[WHAT IS EXPECTED]
Whichever lines include the word "fundamental", copy them as they appear in the data.
::::::
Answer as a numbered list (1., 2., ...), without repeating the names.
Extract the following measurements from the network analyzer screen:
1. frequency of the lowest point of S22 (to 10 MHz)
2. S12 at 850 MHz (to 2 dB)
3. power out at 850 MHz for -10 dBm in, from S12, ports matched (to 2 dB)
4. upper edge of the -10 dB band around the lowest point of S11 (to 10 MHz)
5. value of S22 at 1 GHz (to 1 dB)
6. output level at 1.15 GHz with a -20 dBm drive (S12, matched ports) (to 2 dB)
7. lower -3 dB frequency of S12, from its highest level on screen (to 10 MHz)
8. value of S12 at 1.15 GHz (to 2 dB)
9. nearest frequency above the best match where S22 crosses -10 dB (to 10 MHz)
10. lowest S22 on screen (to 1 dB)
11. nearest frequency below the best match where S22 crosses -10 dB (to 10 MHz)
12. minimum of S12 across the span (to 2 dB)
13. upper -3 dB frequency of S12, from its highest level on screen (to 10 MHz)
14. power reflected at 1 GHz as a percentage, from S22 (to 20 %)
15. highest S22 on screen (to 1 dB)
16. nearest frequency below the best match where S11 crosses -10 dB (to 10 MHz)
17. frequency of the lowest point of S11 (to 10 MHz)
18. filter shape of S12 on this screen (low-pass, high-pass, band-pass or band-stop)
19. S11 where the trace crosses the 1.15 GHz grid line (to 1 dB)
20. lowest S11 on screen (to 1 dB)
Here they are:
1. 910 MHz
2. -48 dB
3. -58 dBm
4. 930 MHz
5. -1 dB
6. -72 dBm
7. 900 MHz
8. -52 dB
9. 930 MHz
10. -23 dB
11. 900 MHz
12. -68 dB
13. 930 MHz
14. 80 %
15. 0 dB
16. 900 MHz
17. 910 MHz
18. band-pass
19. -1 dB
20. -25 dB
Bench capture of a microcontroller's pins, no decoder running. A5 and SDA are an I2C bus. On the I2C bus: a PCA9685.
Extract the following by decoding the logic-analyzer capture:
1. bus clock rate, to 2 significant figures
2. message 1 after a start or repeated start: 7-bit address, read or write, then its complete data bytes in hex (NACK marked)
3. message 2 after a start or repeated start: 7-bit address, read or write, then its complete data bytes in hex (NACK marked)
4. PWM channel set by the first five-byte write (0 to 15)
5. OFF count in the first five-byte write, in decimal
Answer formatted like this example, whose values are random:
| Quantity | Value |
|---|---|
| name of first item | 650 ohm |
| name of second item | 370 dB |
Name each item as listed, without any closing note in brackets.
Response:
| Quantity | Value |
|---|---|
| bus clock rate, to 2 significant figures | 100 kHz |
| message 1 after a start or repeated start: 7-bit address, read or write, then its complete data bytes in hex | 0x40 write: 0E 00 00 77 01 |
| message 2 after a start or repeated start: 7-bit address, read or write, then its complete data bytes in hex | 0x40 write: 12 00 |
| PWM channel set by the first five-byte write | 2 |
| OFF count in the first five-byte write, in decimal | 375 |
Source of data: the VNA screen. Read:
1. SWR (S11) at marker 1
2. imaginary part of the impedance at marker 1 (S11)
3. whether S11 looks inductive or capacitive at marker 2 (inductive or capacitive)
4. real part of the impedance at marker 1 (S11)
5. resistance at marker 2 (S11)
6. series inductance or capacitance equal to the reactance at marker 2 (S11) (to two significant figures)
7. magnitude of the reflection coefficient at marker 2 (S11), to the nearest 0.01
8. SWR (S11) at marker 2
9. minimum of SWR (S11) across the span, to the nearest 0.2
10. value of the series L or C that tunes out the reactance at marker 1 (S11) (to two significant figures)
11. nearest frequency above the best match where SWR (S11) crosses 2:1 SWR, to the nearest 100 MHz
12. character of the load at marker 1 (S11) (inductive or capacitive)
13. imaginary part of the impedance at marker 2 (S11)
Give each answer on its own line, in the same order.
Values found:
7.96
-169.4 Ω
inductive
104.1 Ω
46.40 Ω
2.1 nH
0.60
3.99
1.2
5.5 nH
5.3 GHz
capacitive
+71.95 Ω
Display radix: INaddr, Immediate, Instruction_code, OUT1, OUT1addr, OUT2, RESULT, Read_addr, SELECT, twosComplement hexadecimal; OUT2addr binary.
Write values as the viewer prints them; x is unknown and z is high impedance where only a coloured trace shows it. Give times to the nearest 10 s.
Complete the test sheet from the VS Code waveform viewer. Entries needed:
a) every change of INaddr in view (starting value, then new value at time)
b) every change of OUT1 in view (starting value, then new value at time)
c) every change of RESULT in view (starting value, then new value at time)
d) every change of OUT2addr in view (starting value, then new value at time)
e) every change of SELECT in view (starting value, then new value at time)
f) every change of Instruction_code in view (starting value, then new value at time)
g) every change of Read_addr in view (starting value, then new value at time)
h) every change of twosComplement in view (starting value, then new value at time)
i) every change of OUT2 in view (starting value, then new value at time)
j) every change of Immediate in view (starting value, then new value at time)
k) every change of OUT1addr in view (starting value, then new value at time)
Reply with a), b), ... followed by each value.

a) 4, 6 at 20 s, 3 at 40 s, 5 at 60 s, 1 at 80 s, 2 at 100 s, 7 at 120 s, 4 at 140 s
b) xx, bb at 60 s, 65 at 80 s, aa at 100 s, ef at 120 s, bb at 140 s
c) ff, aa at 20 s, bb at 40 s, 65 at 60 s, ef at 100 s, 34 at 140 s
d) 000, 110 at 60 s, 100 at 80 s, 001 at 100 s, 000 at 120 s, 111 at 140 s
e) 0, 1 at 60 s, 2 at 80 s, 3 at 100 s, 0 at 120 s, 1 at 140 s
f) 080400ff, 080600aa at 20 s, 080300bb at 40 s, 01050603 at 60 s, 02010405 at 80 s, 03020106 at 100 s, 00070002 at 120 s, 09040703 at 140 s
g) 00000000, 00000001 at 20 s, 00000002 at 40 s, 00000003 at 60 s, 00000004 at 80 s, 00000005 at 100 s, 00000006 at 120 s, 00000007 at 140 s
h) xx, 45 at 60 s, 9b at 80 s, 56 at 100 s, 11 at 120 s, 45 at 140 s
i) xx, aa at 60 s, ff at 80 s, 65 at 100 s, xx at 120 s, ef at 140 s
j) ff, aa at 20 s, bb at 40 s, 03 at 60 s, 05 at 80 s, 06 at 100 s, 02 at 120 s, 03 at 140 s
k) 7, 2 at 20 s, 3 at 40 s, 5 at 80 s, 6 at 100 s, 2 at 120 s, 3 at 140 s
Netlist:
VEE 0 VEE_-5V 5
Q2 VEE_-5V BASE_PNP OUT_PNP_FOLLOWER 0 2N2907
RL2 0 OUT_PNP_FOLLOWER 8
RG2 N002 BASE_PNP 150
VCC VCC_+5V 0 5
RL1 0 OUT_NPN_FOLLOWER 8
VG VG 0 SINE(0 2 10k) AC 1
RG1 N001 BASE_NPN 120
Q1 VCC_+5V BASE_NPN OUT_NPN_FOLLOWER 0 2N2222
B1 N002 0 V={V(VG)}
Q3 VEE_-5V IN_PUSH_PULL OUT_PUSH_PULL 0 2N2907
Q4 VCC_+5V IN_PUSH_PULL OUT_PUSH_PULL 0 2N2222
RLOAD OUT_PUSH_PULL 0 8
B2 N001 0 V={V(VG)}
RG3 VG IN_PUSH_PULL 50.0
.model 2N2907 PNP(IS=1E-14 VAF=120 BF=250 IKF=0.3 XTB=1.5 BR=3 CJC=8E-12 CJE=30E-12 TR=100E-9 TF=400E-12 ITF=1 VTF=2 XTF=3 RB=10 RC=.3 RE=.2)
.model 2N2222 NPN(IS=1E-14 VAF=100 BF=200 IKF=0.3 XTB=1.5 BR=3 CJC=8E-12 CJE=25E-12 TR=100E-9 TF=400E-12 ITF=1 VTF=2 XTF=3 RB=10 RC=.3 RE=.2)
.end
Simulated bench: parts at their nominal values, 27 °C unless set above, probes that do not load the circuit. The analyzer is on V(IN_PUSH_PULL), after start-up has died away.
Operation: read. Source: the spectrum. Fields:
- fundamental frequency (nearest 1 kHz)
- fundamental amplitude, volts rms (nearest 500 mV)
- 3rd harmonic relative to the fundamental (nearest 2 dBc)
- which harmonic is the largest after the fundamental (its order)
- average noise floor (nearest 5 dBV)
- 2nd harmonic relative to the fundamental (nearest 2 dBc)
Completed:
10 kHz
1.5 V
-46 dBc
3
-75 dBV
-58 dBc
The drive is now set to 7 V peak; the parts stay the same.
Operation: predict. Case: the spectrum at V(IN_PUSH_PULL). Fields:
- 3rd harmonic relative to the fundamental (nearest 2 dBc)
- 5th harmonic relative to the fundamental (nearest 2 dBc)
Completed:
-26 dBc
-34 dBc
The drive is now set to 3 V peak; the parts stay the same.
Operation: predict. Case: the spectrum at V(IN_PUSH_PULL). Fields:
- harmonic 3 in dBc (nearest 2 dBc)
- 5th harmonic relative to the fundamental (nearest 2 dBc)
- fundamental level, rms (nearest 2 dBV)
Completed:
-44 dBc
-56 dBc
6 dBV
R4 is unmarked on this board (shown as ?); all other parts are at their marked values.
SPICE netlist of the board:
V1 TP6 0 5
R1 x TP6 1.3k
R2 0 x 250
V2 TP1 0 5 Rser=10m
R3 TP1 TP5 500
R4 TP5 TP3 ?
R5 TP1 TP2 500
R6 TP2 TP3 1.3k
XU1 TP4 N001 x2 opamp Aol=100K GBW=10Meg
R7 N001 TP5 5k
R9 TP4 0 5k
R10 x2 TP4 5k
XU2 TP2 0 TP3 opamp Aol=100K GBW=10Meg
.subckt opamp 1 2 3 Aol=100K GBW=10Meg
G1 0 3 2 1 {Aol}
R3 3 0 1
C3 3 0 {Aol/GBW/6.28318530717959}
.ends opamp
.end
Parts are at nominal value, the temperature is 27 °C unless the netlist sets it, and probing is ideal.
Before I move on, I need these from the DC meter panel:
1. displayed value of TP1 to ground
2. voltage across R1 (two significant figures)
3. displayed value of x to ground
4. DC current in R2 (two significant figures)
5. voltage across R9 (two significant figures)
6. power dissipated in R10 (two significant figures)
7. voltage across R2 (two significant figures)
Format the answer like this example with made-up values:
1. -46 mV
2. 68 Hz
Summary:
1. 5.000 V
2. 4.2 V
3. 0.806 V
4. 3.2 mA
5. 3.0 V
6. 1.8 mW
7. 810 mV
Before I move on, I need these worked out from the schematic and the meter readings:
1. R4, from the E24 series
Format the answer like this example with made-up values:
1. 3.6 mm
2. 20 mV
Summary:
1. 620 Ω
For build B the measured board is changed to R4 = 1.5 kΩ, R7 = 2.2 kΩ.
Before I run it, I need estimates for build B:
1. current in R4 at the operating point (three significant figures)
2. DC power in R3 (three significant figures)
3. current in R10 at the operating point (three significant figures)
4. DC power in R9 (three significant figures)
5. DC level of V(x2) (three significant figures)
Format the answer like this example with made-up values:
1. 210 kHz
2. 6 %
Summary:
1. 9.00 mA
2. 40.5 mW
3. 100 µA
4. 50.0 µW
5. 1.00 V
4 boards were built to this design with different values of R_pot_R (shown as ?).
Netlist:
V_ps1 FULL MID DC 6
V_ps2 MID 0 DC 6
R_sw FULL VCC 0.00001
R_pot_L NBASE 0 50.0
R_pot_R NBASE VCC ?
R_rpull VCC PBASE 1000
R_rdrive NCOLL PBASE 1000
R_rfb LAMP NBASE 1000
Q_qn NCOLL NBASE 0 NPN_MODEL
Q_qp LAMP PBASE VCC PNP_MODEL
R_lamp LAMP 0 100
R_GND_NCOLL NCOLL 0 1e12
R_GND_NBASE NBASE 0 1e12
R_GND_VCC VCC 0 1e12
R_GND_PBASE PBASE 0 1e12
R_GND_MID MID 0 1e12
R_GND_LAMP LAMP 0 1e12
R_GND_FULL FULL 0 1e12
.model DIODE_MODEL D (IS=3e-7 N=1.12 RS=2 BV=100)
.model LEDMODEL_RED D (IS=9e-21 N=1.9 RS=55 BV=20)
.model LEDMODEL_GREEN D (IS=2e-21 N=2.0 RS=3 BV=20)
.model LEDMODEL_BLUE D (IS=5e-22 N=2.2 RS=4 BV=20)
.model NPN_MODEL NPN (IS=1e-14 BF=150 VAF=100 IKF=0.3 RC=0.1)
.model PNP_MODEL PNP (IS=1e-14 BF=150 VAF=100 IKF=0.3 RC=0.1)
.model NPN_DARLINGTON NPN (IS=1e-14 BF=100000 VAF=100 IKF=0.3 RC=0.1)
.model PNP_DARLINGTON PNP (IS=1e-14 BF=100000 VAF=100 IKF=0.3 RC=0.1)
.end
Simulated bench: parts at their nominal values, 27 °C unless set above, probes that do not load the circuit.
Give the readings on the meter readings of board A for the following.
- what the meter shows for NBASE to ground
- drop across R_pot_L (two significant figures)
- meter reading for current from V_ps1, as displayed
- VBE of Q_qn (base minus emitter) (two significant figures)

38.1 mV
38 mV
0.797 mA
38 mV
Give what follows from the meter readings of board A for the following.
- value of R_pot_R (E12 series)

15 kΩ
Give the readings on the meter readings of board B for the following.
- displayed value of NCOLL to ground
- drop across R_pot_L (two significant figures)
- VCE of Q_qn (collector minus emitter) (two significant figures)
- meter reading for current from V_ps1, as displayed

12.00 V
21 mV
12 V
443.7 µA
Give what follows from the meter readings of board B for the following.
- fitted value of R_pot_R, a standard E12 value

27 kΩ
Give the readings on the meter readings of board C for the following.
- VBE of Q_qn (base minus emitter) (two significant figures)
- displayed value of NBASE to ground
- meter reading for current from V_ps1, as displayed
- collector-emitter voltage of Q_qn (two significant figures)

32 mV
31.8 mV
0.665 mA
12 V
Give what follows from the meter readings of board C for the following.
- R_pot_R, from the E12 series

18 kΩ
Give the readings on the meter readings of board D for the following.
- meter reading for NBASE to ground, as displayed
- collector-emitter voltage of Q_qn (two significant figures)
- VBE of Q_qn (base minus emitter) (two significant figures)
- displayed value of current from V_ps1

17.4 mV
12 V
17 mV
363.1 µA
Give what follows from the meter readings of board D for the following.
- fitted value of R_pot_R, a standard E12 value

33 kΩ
::::::
[ANSWER TO THE PROBLEM]
- fundamental frequency (nearest 1 kHz)
- fundamental amplitude, volts rms (nearest 500 mV)
- 3rd harmonic relative to the fundamental (nearest 2 dBc)
- which harmonic is the largest after the fundamental (its order)
- 2nd harmonic relative to the fundamental (nearest 2 dBc)
- 3rd harmonic relative to the fundamental (nearest 2 dBc)
- 5th harmonic relative to the fundamental (nearest 2 dBc)
- 5th harmonic relative to the fundamental (nearest 2 dBc)
- fundamental level, rms (nearest 2 dBV)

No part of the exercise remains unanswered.